(Recorded data)
------------------------------------------------------------
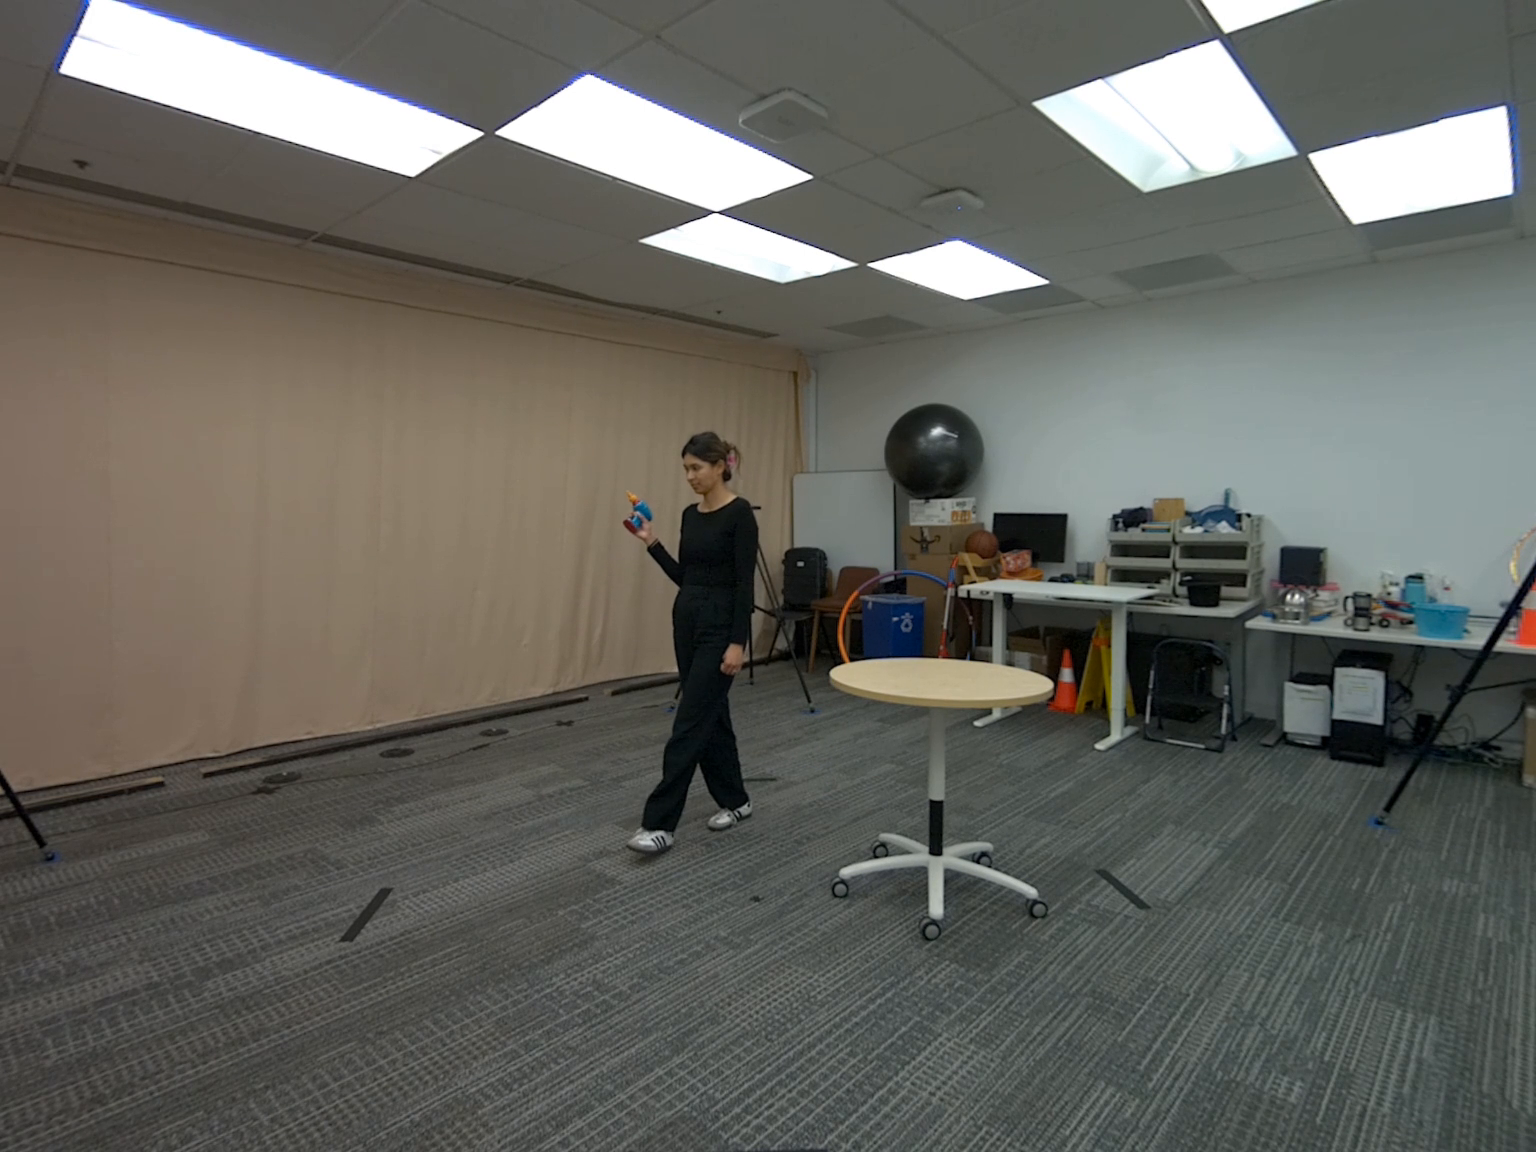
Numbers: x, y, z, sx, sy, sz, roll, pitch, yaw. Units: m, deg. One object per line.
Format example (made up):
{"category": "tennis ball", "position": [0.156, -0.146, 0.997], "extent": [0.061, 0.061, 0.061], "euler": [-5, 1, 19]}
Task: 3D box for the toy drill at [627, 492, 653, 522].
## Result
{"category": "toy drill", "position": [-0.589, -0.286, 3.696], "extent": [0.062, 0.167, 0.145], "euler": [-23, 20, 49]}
------------------------------------------------------------
**What is required:**
Without including the pictures, copy all of the data exactly.

**Answer to this exercise:**
Numbers: x, y, z, sx, sy, sz, roll, pitch, yaw. Units: m, deg. One object per line.
Format example (made up):
{"category": "tennis ball", "position": [0.156, -0.146, 0.997], "extent": [0.061, 0.061, 0.061], "euler": [-5, 1, 19]}
Task: 3D box for the toy drill at [627, 492, 653, 522].
## Result
{"category": "toy drill", "position": [-0.589, -0.286, 3.696], "extent": [0.062, 0.167, 0.145], "euler": [-23, 20, 49]}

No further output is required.